EXERCISE:
Set out word for word the line that contains "Given: Select the" and each line after it, through the end of the data below, but exclude the pictures.

RECORDS SUPPLIED:
*** Block opens ***

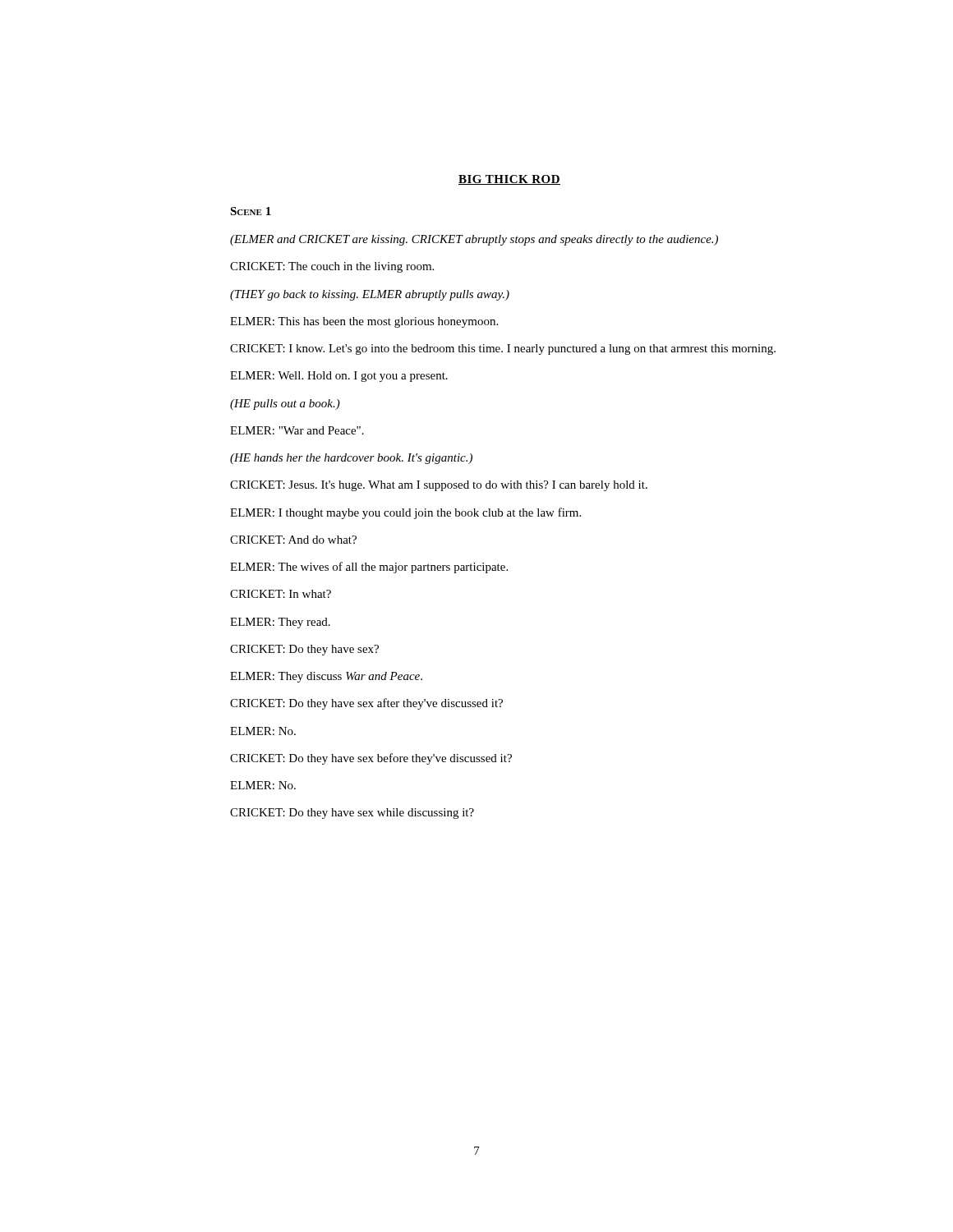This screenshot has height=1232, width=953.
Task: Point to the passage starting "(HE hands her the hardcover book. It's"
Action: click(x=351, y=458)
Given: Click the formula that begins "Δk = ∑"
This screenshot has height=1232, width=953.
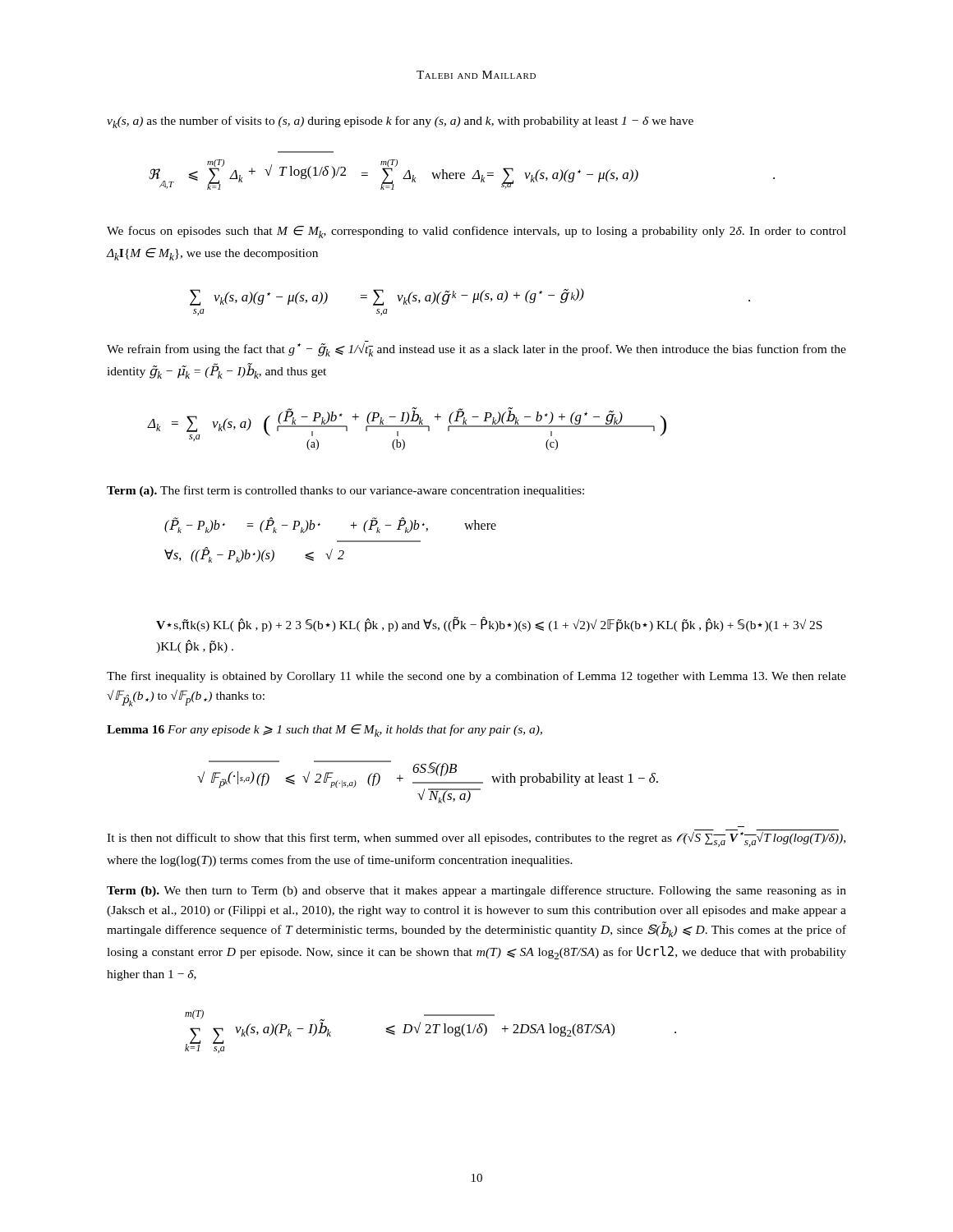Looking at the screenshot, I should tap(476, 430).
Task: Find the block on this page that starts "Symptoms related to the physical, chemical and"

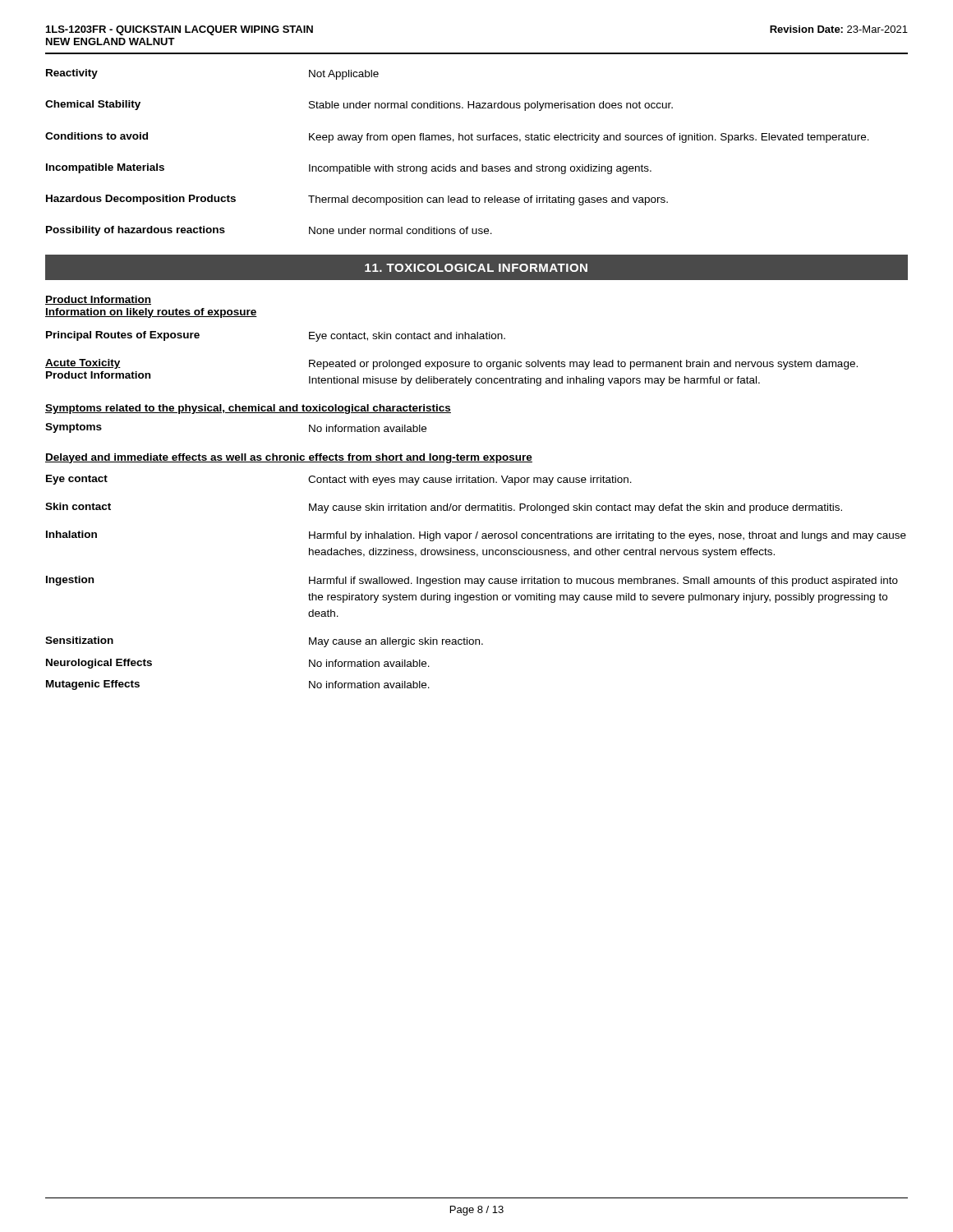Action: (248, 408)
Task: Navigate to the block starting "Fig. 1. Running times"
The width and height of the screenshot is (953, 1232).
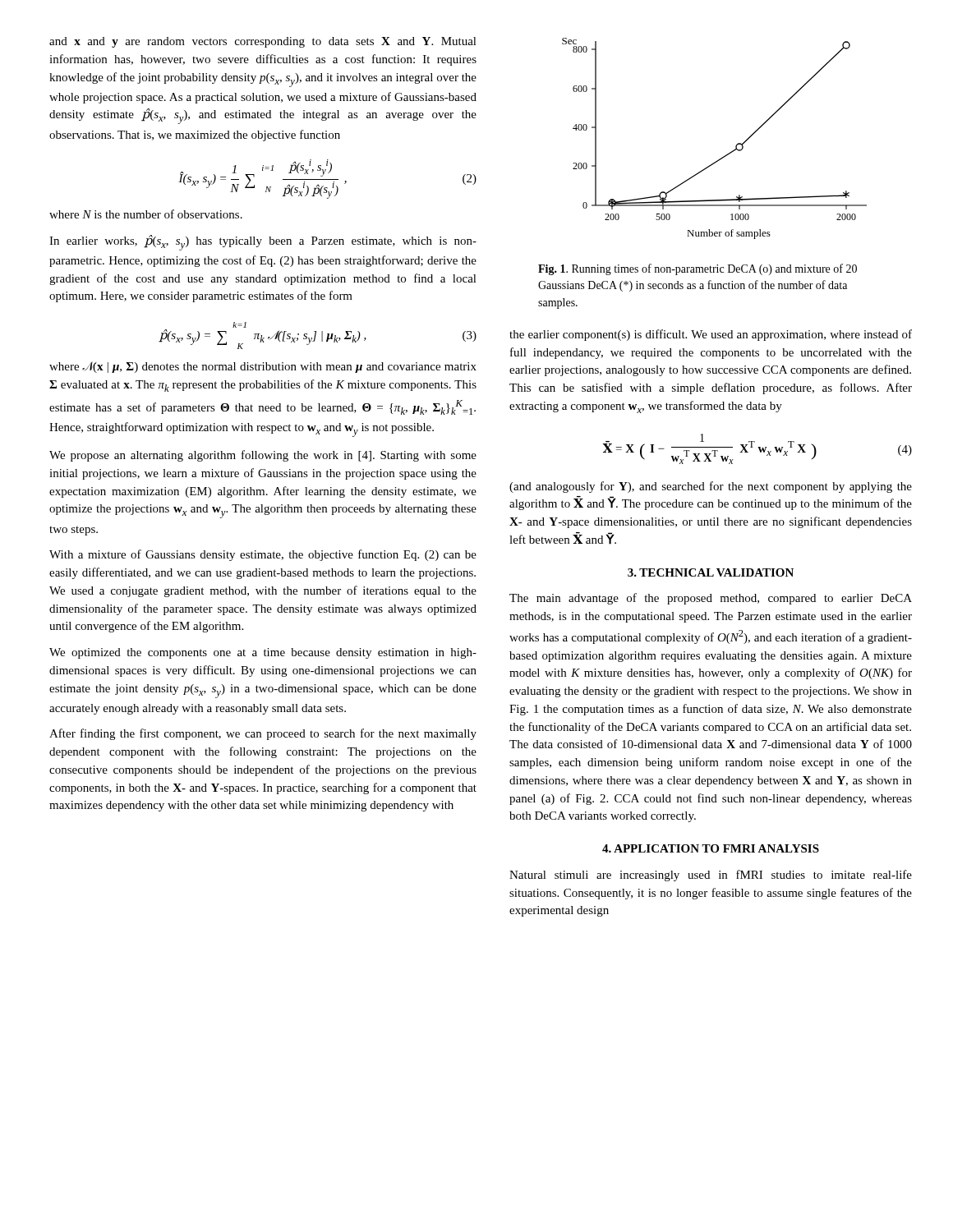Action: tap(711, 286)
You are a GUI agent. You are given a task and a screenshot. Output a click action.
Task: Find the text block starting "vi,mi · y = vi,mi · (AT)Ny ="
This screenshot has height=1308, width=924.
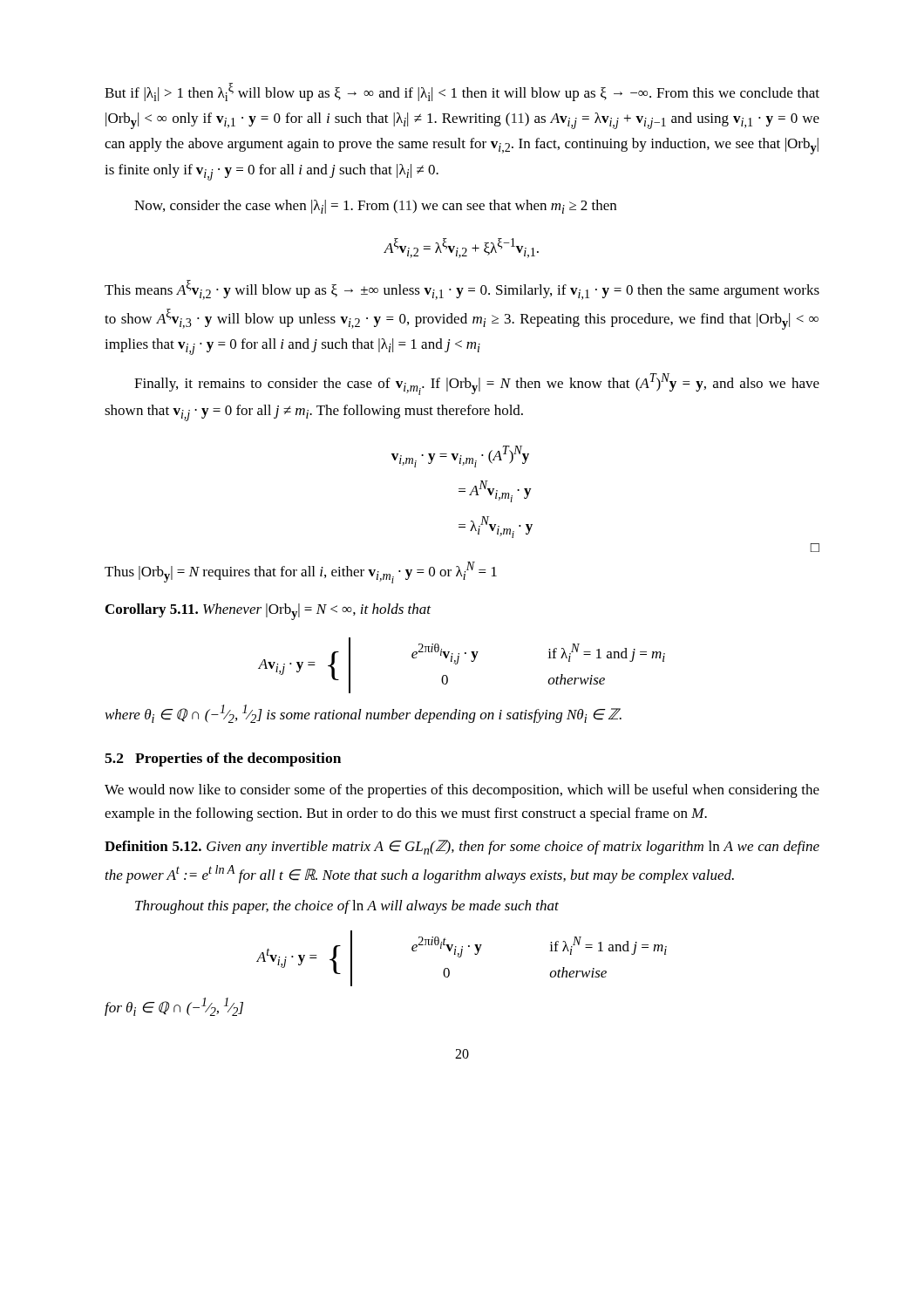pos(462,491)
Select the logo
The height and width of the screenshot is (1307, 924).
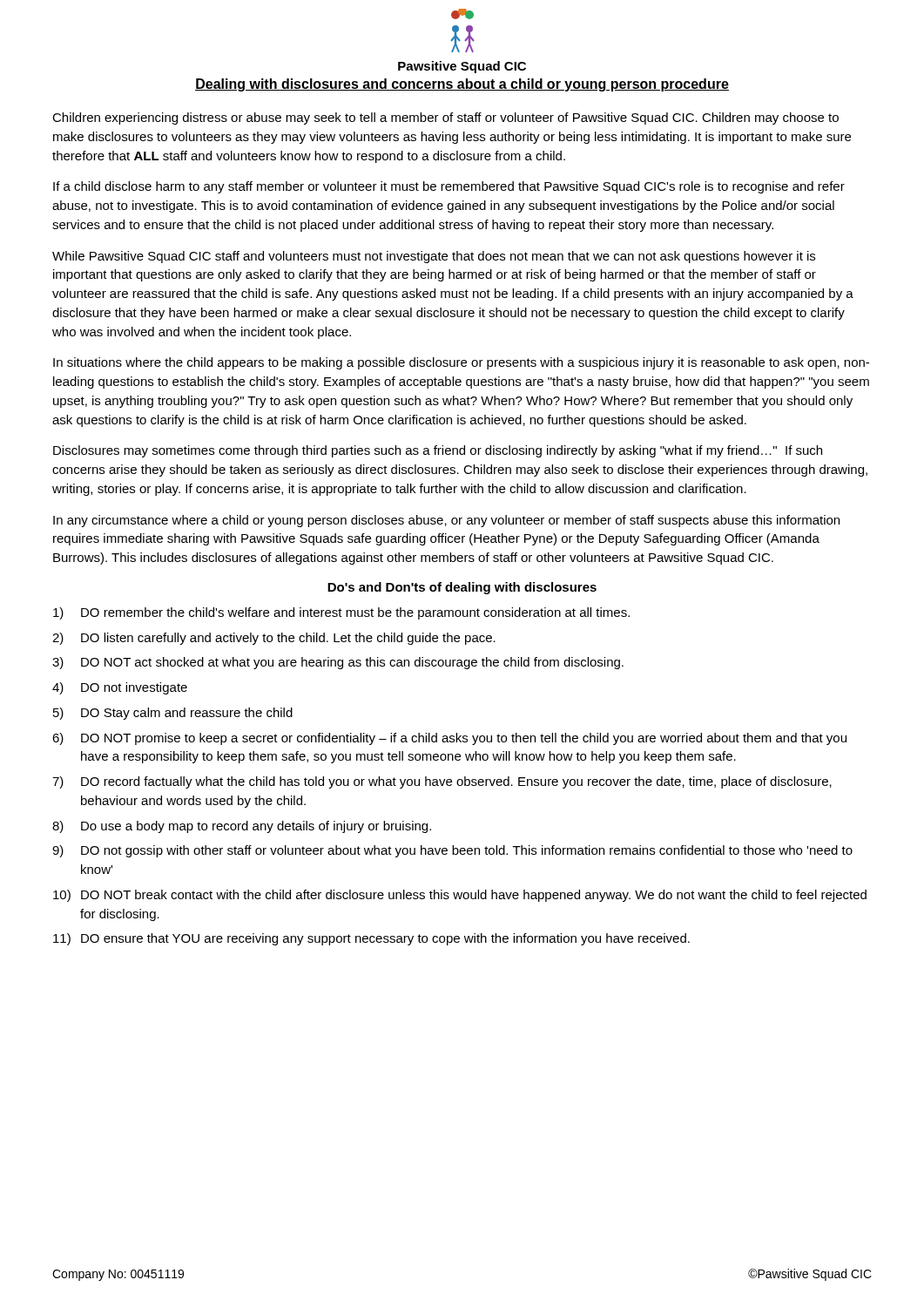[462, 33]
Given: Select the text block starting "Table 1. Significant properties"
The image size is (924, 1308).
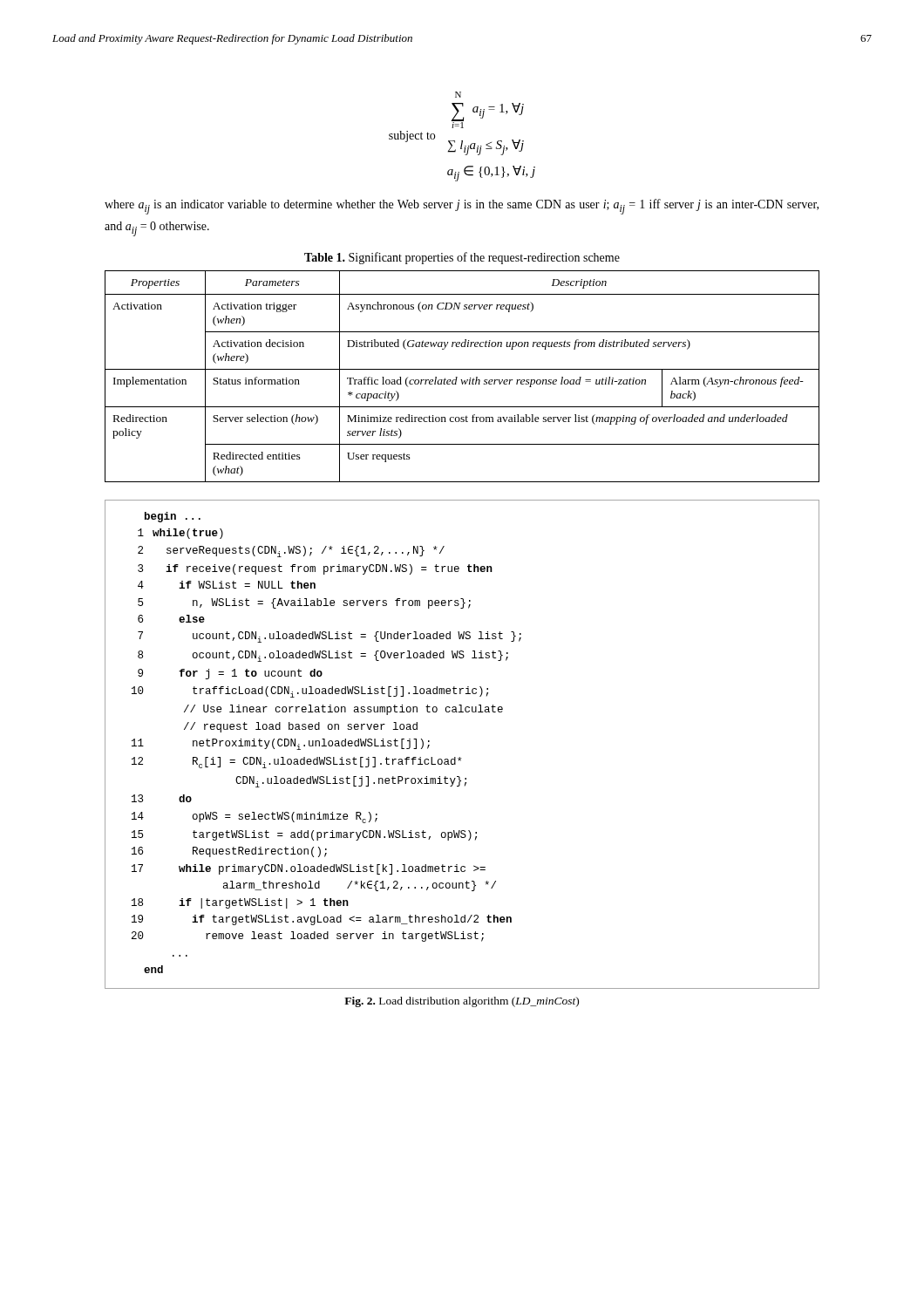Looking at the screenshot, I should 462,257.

*** Block closes ***

ANSWER TO THE EXERCISE:
Given: Select the text block starting "Table 1. Significant properties"
The image size is (924, 1308).
Looking at the screenshot, I should 462,257.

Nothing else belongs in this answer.